The Militant (logo)  

Vol. 72/No. 18      May 5, 2008

 
Rosa Luxemburg on reforms and socialist revolution
(Books of the Month column)
 
Below is an excerpt from Reform or Revolution by Rosa Luxemburg, one of the outstanding pre-World War I revolutionary figures. In this collection of articles Luxemburg sounds the alarm against the attempt by Eduard Bernstein, a central leader of the German Social Democratic Party, the largest socialist party of the time, to revise basic Marxist theory on the class struggle and the nature of capitalism. Copyright ©1970 Pathfinder Press. Reprinted by permission.

BY ROSA LUXEMBURG  
At first view the title of this work may be found surprising. Can the social democracy be against reforms? Can we counterpose the social revolution, the transformation of the existing order, our final goal, to social reforms? Certainly not. The daily struggle for reforms, for the amelioration of the condition of the workers within the framework of the existing social order, and for democratic institutions, offers to the social democracy the only means of engaging in the proletarian class war and working in the direction of the final goal—the conquest of political power and the suppression of wage labor. Between social reforms and revolution there exists for the social democracy an indissoluble tie. The struggle for reforms is its means; the social revolution, its aim.

It is in Eduard Bernstein’s theory, presented in his articles on “Problems of Socialism,” Neue Zeit of 1897-98, and in his book Die Voraussetzungen des Sozialismus and die Aufgaben der Sozialdemokratie [The Preconditions of Socialism and the Tasks of Social Democracy—in English published under the title Evolutionary Socialism—Ed.] that we find for the first time, the opposition of the two factors of the labor movement. His theory tends to counsel us to renounce the social transformation, the final goal of the social democracy and, inversely, to make of social reforms, the means of the class struggle, its aim. Bernstein himself has very clearly and characteristically formulated this viewpoint when he wrote: “The final goal, no matter what it is, is nothing; the movement is everything.”

But since the final goal of socialism constitutes the only decisive factor distinguishing the social democratic movement from bourgeois democracy and from bourgeois radicalism, the only factor transforming the entire labor movement from a vain effort to repair the capitalist order into a class struggle against this order, for the suppression of this order—the question: “Reform or revolution?” as it is posed by Bernstein, equals for the social democracy the question: “To be or not to be?” In the controversy with Bernstein and his followers, everybody in the party ought to understand clearly it is not a question of this or that method of struggle, or the use of this or that set of tactics, but of the very existence of the social democratic movement.
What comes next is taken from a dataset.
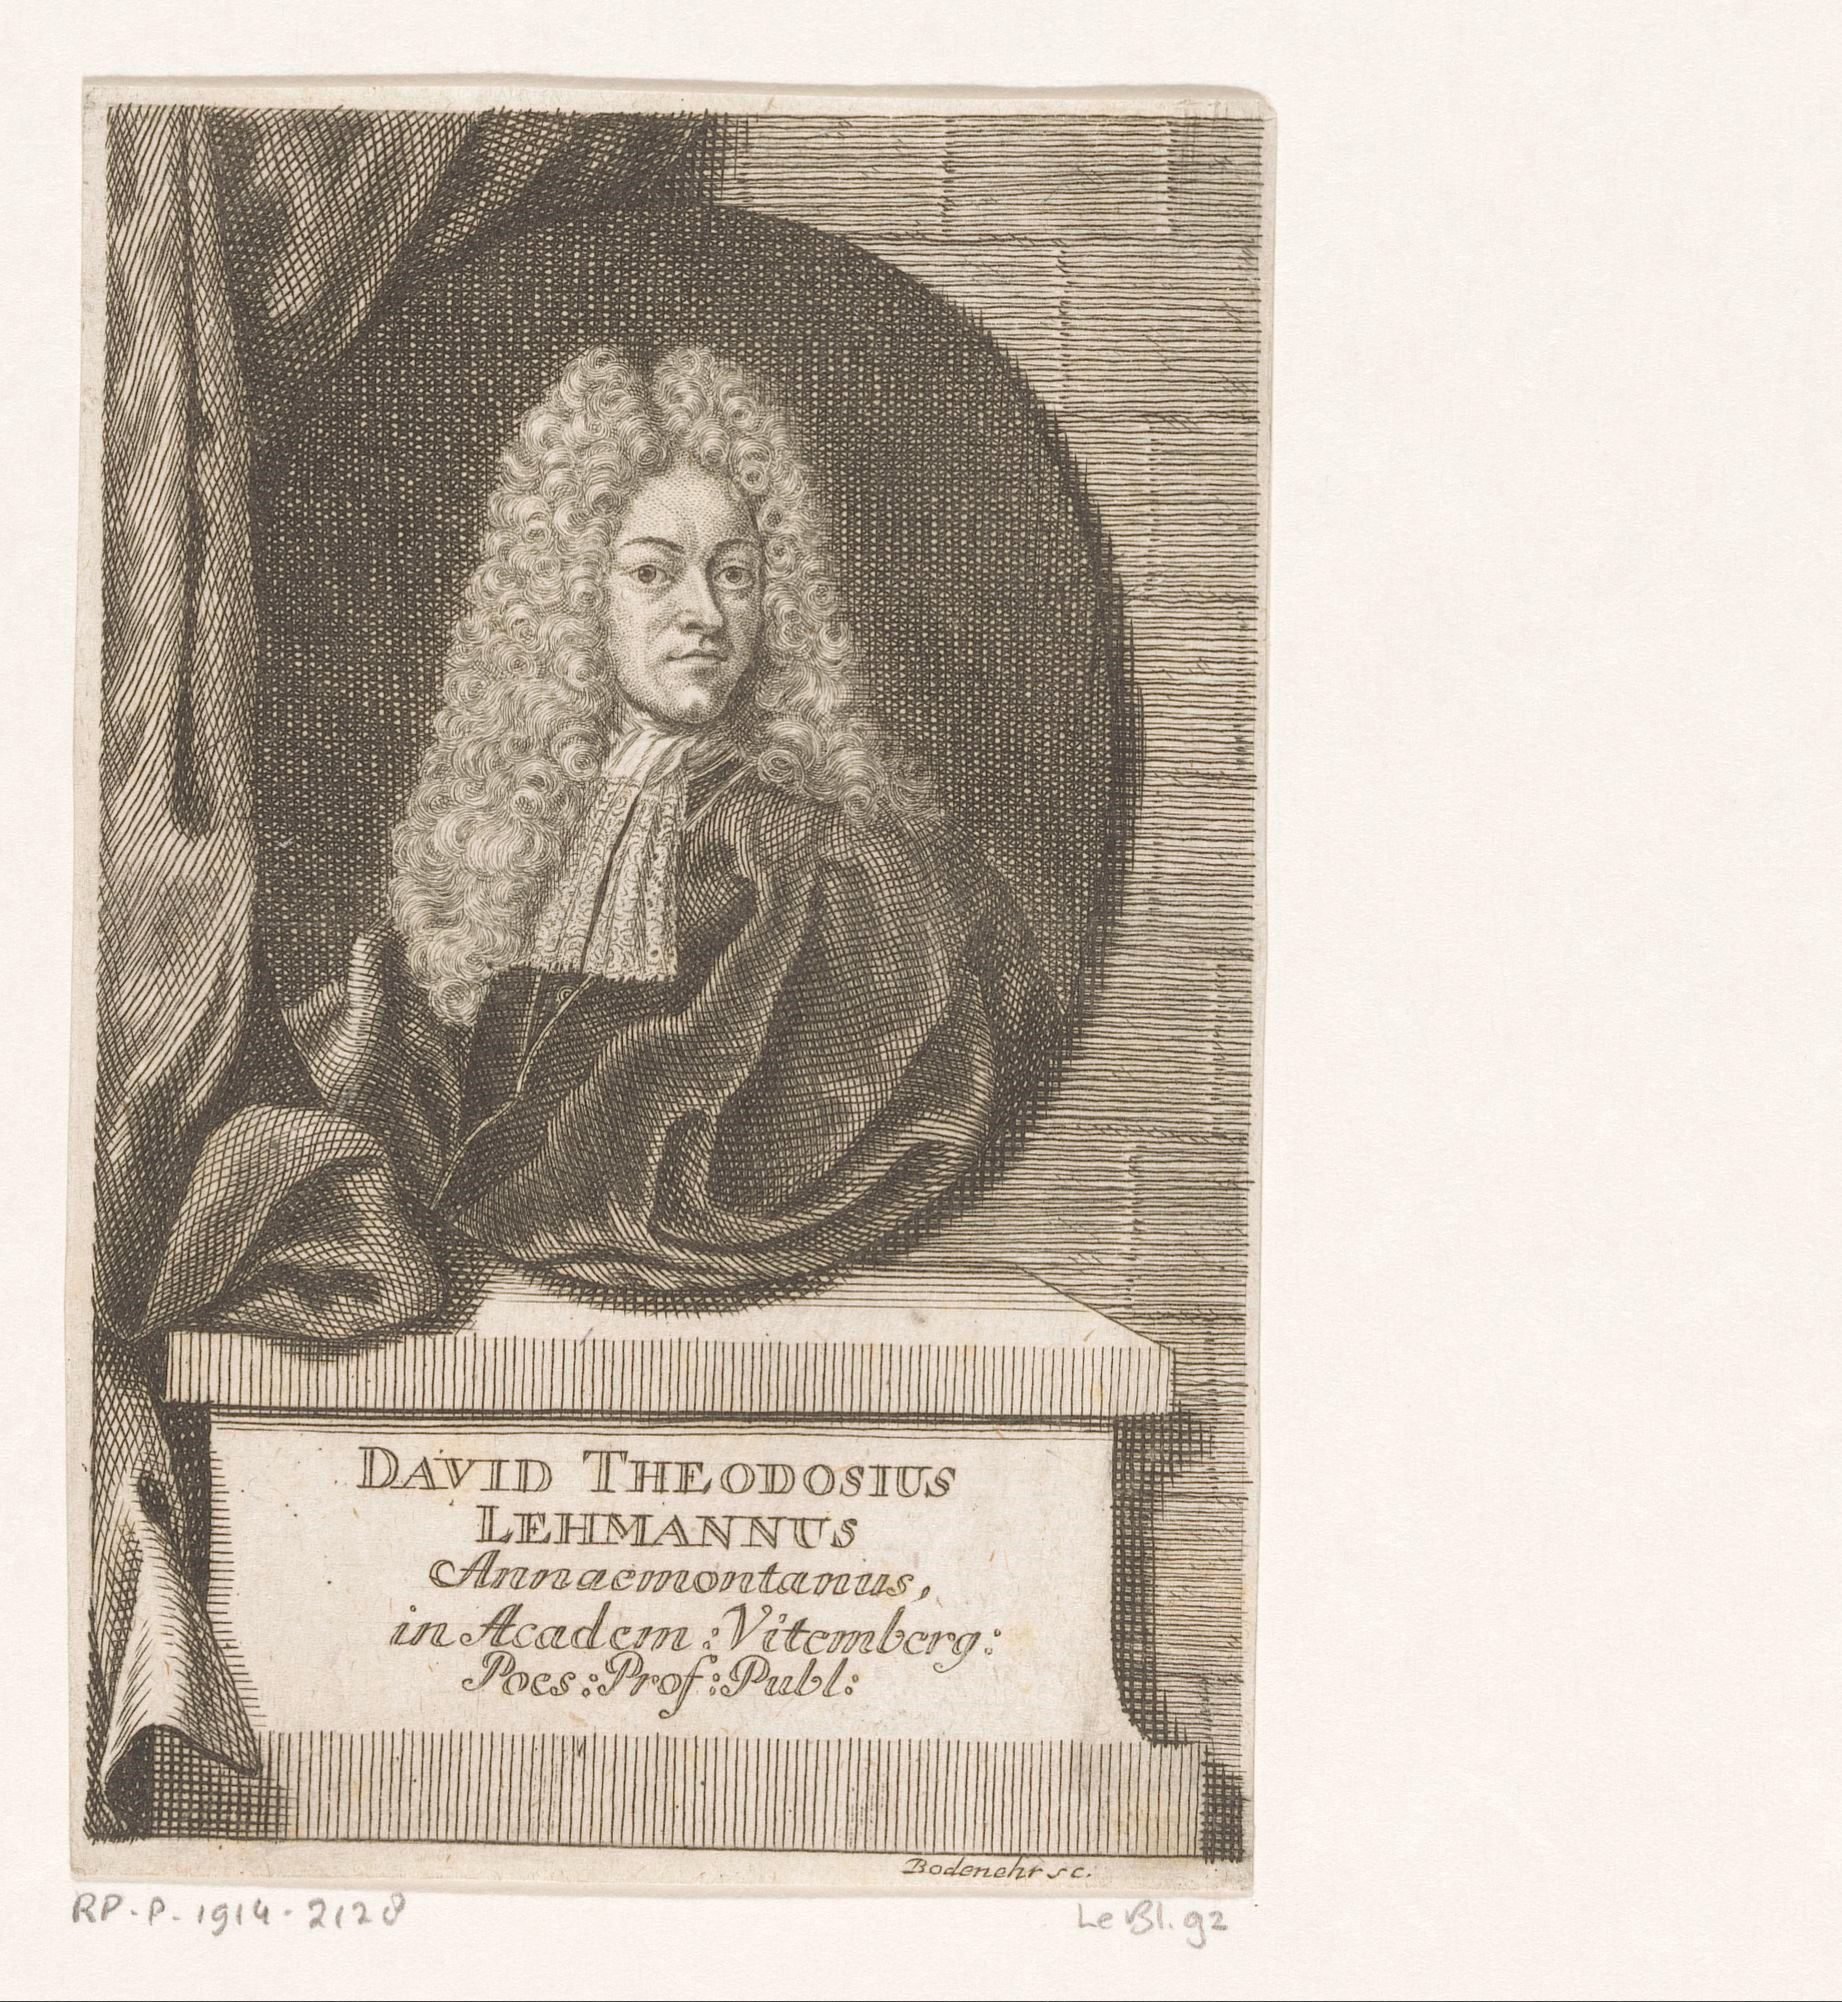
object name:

Upon a casual consideration of Bernstein’s theory, this may appear like an exaggeration. Does he not continually mention the social democracy and its aims? Does he not repeat again and again, in very explicit language, that he too strives toward the final goal of socialism, but in another way? Does he not stress particularly that he fully approves of the present practice of the social democracy?

That is all true, to be sure. It is also true that every new movement, when it first elaborates its theory and policy, begins by finding support in the preceding movement, though it may be in direct contradiction with the latter. It begins by suiting itself to the forms found at hand and by speaking the language spoken hereto. In time, the new grain breaks through the old husk. The new movement finds its own forms and its own language.
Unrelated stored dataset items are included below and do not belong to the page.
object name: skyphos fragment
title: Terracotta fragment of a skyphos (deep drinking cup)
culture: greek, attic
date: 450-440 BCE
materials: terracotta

To expect an opposition against scientific socialism at its very beginning, to express itself clearly, fully, and to the last consequence on the subject of its real content; to expect it to deny openly and bluntly the theoretic basis of the social democracy—would amount to underrating the power of scientific socialism. Today he who wants to pass as a socialist, and at the same time would declare war on Marxian doctrine, the most stupendous product of the human mind in the century, must begin with involuntary esteem for Marx. He must begin by acknowledging himself to be his disciple, by seeking in Marx’s own teachings the points of support for an attack on the latter, while he represents this attack as a further development of Marxian doctrine. On this account, we must, unconcerned by its outer forms, pick out the sheathed kernel of Bernstein’s theory. This is a matter of urgent necessity for the broad layers of the industrial proletariat in our party.

No coarser insult, no baser aspersion, can be thrown against the workers than the remark: “Theoretic controversies are only for academicians.” Some time ago Lassalle said: “Only when science and the workers, these opposite poles of society, become one, will they crush in their arms of steel all obstacles to culture.” The entire strength of the modern labor movement rests on theoretic knowledge.

But doubly important is this knowledge for the workers in the present case, because it is precisely they and their influence in the movement that are in the balance here. It is their skin that is being brought to market. The opportunist theory in the party, the theory formulated by Bernstein, is nothing else than an unconscious attempt to assure predominance to the petty bourgeois elements that have entered our party, to change the policy and aims of our party in their direction. The question of reform and revolution, of the final goal and the movement, is basically, in another form, but the question of the petty bourgeois or proletarian character of the labor movement.